WORK TO BE COMPLETED ::
Please give again, word for word, each line that falls between the line with "- movable object such as a bin <box>688,487,756,589</box>" and the end of the data, inclusive.

SUPPLIED INFORMATION ::
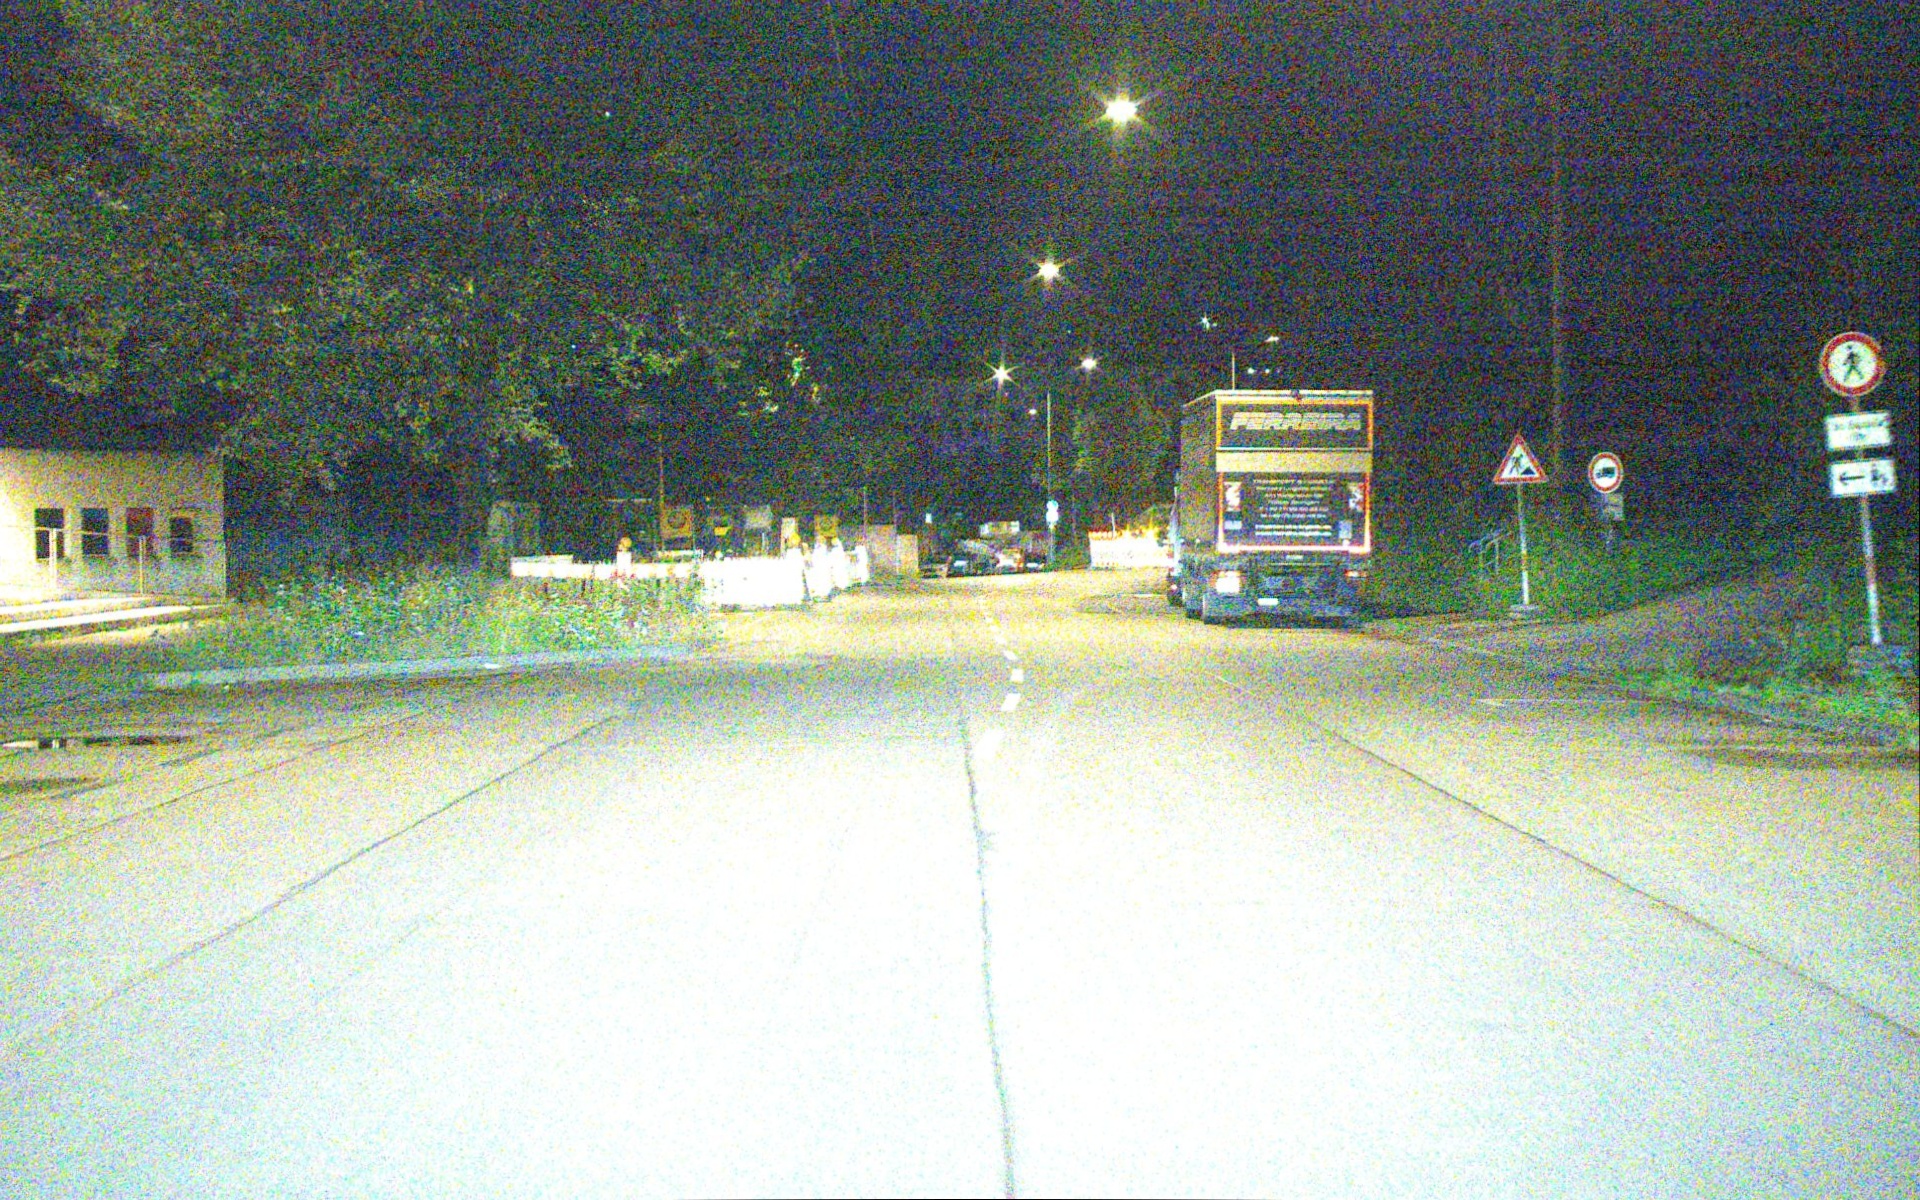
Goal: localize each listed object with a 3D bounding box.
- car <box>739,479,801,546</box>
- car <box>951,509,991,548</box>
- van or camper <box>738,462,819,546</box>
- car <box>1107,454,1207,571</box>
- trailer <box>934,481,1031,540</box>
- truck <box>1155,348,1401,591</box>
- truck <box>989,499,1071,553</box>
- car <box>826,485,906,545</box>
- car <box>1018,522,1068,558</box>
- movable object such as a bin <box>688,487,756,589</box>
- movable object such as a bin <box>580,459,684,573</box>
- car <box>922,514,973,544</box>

FINISHED TASK ::
- movable object such as a bin <box>688,487,756,589</box>
- movable object such as a bin <box>580,459,684,573</box>
- car <box>922,514,973,544</box>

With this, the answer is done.